Tomar la palabra

Digerir el mundo

La televisión informa del bombardeo de Gaza por parte del gobierno israelí, de cómo el cambio climático arremete brutalmente contra los más vulnerables, y de las últimas y más recientes declaraciones de un famoso. El presente no es esperanzador y cuesta pensar en que llegarán tiempos mejores. El clima anímico rezuma a cinismo, indiferencia y apatía, y yo, como muchos ciudadanos de mi país, no soy una excepción al mismo: las palabras están divorciadas de las cosas, los fenómenos se nos presentan como simulaciones, y nuestras vidas están demasiado separadas como para pensar en vínculos, uniones o realidades. El panorama embrutece y cuesta distinguir lo deseable en nuestro mundo. Entre tanto, cabe hacerse algunas preguntas, y a mí se me ha ocurrido esta: ¿Cómo digerimos este mundo? 

Se me ocurre una respuesta que en absoluto pretendo que cierre la explicación: digerimos el mundo mediante el rechazo. La trama del mundo, llena de horrores y de belleza, de experiencias significativas, sentidos y vacíos, se digiere rechazándola. Y es que las cosas, en tanto que implican negatividades, tensiones y resistencias, no están llamadas a reafirmarnos. Por eso creo que el embrutecimiento con el que vivimos, el negarnos a hilar las cosas y las palabras, de alguna forma nos protege de las mismas; como si de una ilusión de comodidad se tratase.

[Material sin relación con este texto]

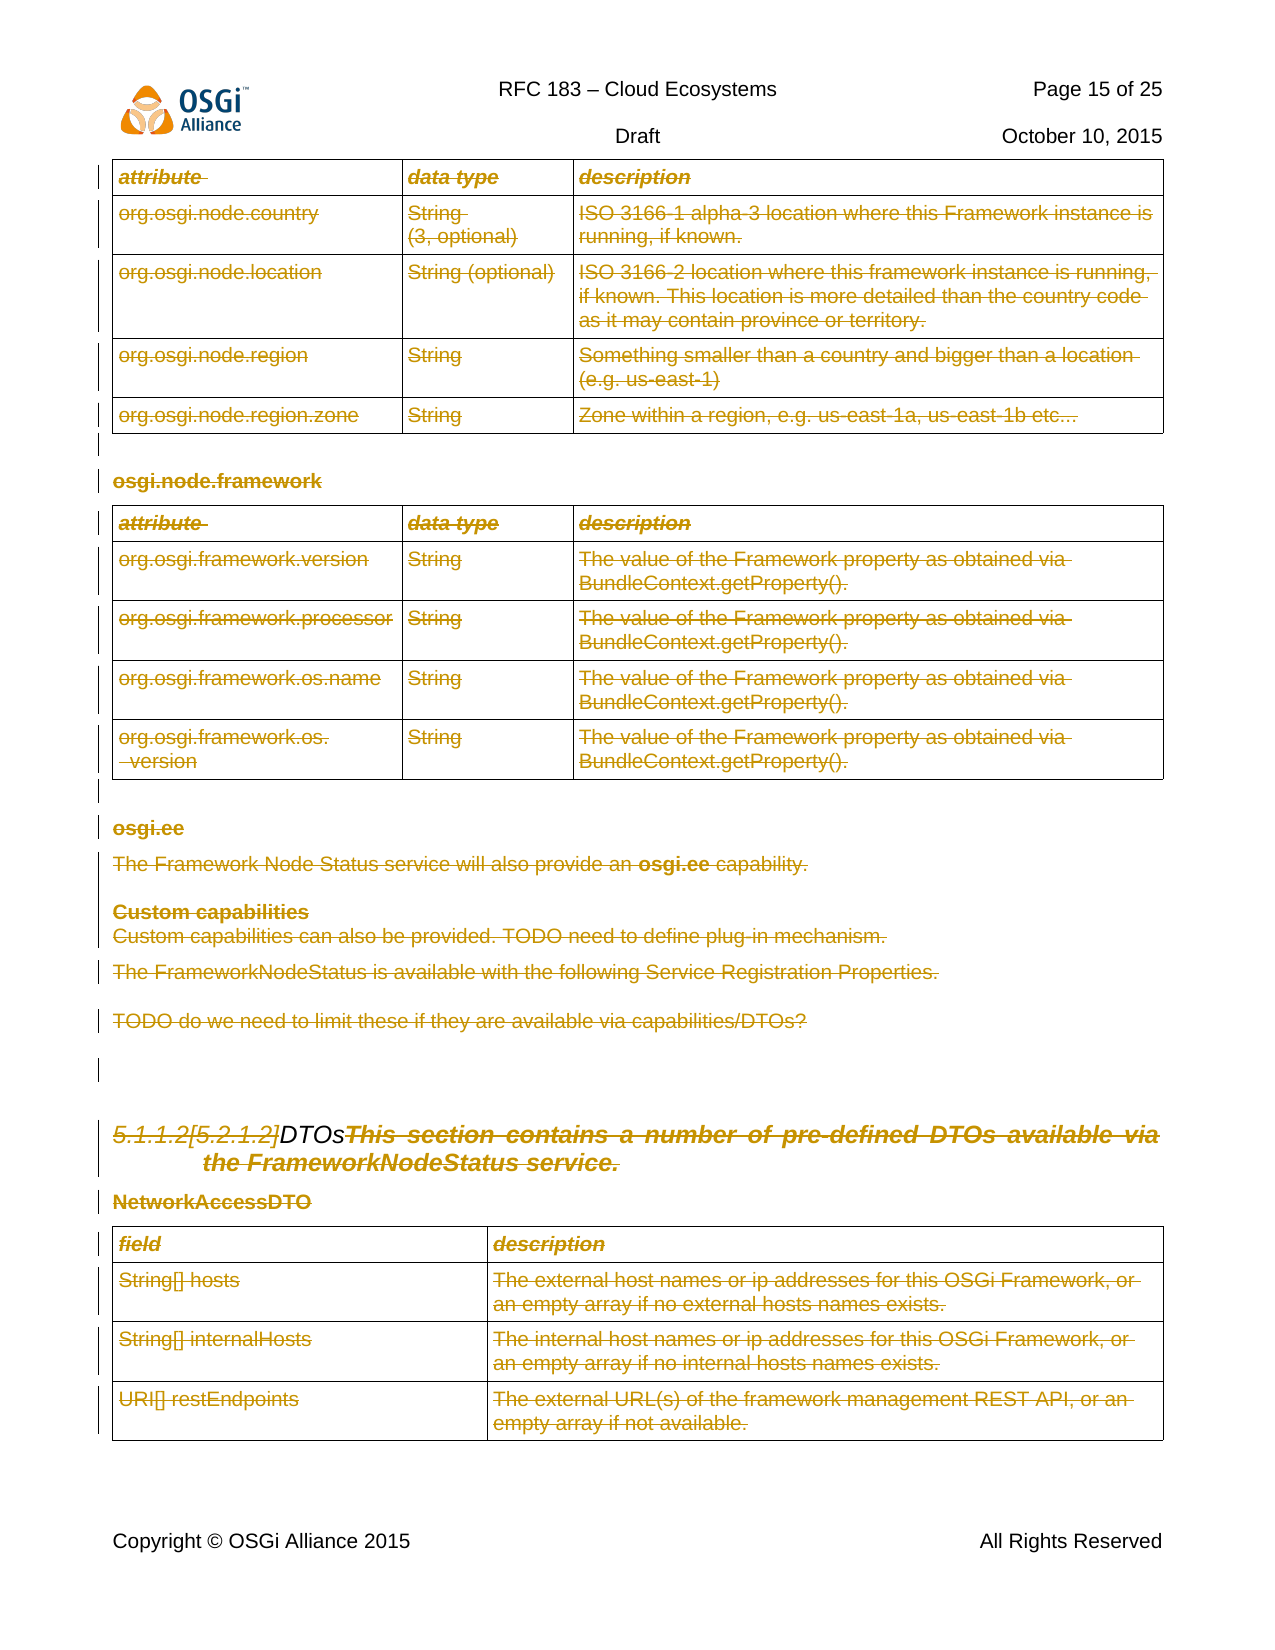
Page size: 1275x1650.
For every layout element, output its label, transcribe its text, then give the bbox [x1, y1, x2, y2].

picture [113, 78, 257, 142]
subtitle DTOs [112, 1119, 1162, 1177]
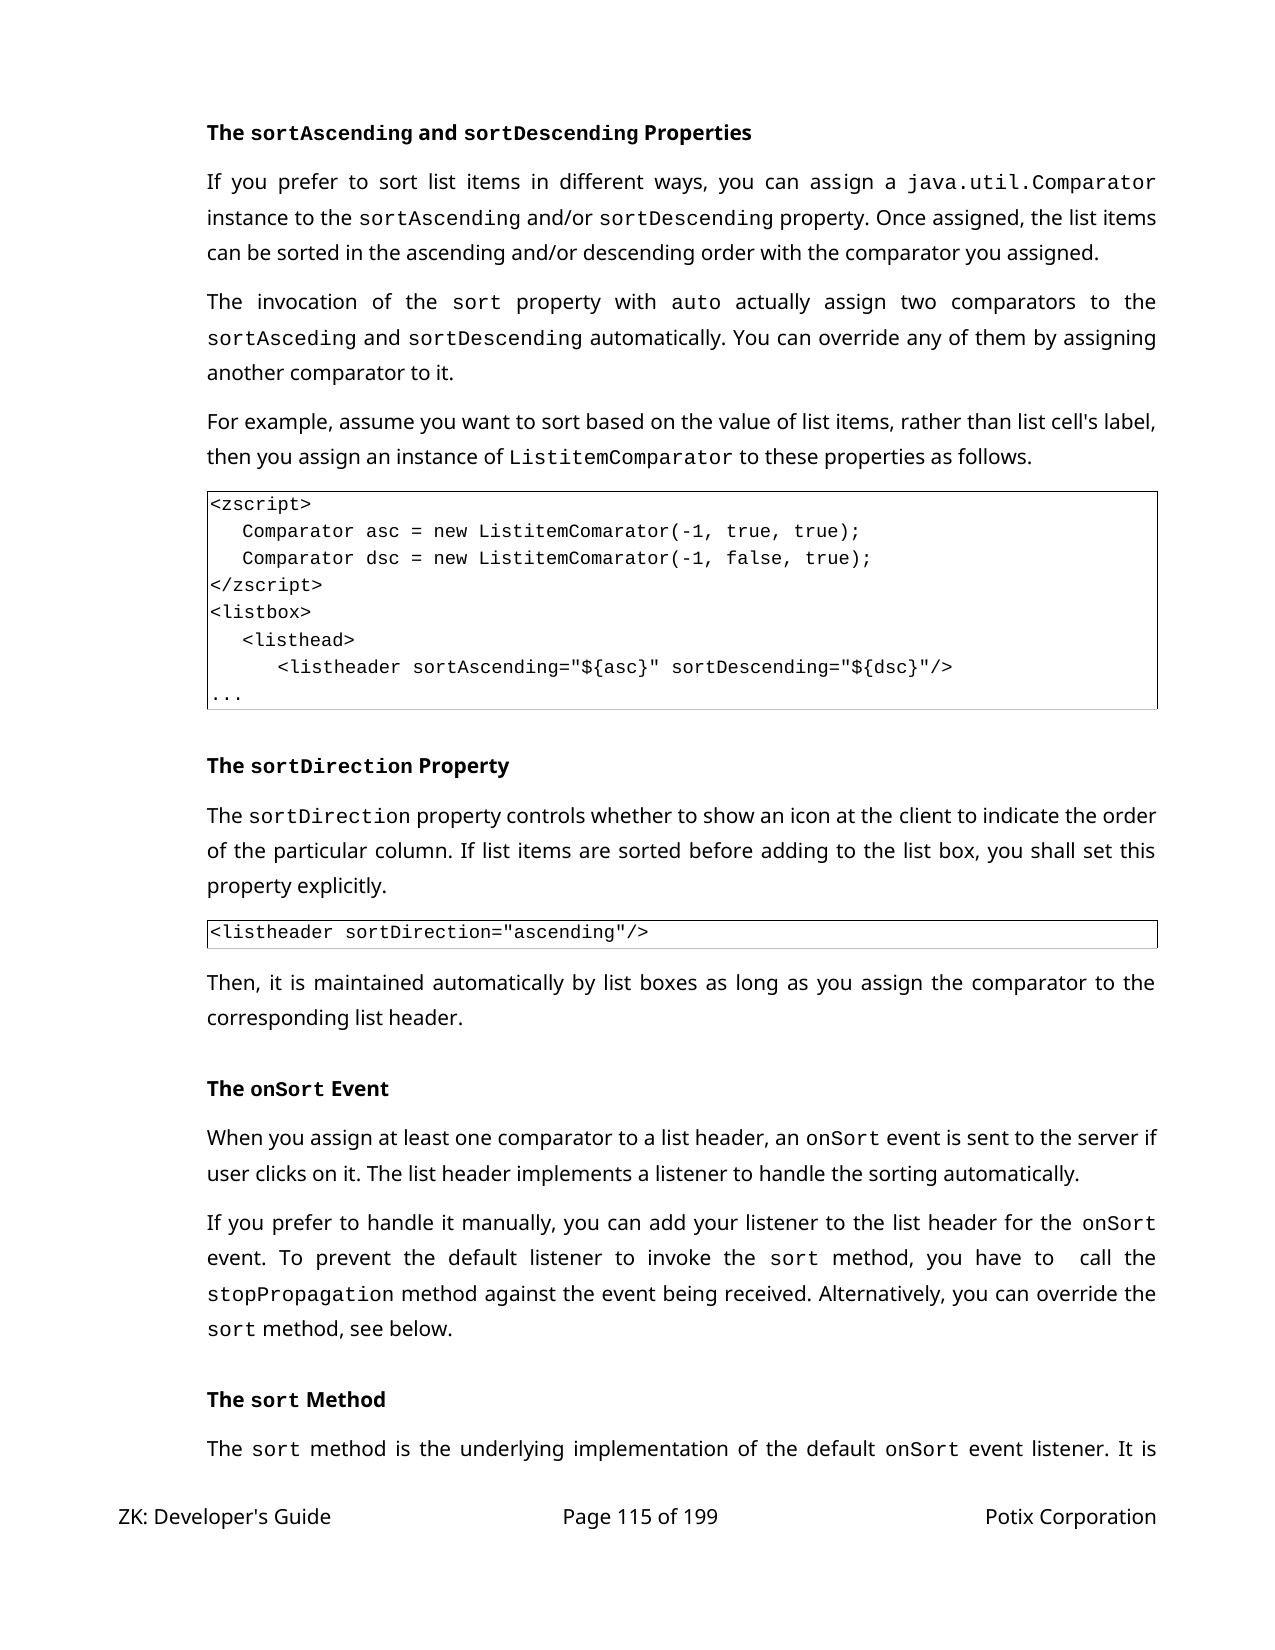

El psicoanalista italiano Domenico Cosenza nos ofrece algunas interpretaciones sobre el rechazo encuadrándolo en lo que denomina la nueva época de lo inconsciente. Para este el rechazo no sólo es una demanda muda, algo así como una petición encubierta tras decir que no, sino que también es una forma de defensa extrema frente a lo real de la castración; esto es, frente al vacío, la incompletitud, la falta. El rechazo sería una forma de protegernos de lo angustioso de la vida, y es que, en buena medida, nuestras subjetividades están volcadas en evitar el horror en el corazón del saber, disponiéndonos a rechazar aquello que no sabemos. 

Cosenza comenta que este rechazo encarna un goce real sin sentido que no permite un cuestionamiento enigmático entre quienes lo experimentamos. Digamos que si optamos (inconscientemente) por el rechazo es porque este nos alivia en un sentido muy concreto: evita que nos preguntemos algo que nos divida. El rechazo nos promete esquivar lo que Zizek ha denominado como nuestro estatuto histérico.

Las preguntas nos histerizan: nos parten en (como mínimo) dos y nos hacen dudar. Producen incomodidad, quiebran el presentismo y nos hacen revisar el pasado. Con ellas sentimos arrepentimiento y remordimiento. Sartre decía que “el remordimiento me disocia de mi propio pasado, de mis propias acciones pasadas, mientras que el miedo al remordimiento me impide tomar cualquier medida vinculante para el futuro de la que pudiera arrepentirme”. Frente a la condena de la angustia, lo aparentemente liberador del rechazo es la falta de compromiso y el abandono de la responsabilidad.

Nos hemos acostumbrado a sentir una silenciosa angustia por la angustia. Silencio frente a la sucesión de imágenes y declaraciones en televisión, el ruido y la acumulación de cosas, o frente a la brevedad y repetición de los shorts en Youtube, Instagram y Tik Tok.  Aún así, conviene indicar que estar en silencio no es lo mismo que estar callado. La nuestra es una época hipercomunicativa que ha multiplicado la cantidad de información y dispositivos a nuestro alcance; nunca nos ha resultado tan accesible “expresar” nuestra personalidad, esa identidad con la que abrimos y cerramos los días. 

Con el silencio nos aferramos pertinazmente al Yo y nos evitamos el pasaje por la intimidad interior de la clase media. Evitamos la angustia y nos agarramos a la sartreana ilusión de Ser, a nuestra disponibilidad inmediata. La versión positiva de esta acción es la constitución del Yo contemporáneo, cuya racionalidad describía así Fedric Jameson: “en el intento de mantenerme libre de todo aquello que pudiera surgir, atesoro mi presente como un avaro, temiendo despilfarrarlo, por si acaso lo necesitase en el futuro”.

Dado que nos hemos cubierto de disponibilidad e inmediatez para arrinconar nuestros miedos, hoy toca localizar nuestra voz en el futuro. Y es que en medio de la indiferencia generalizada frente a un genocidio televisado, conviene recordar el descubrimiento freudiano: no somos ni objetos que podamos conocer mediante la mirada ni una espacialidad que pueda ser vista; sino que somos un logos que puede ser escuchado. Apostemos por otras formas de digerir el mundo: escuchemos para recuperar la voz.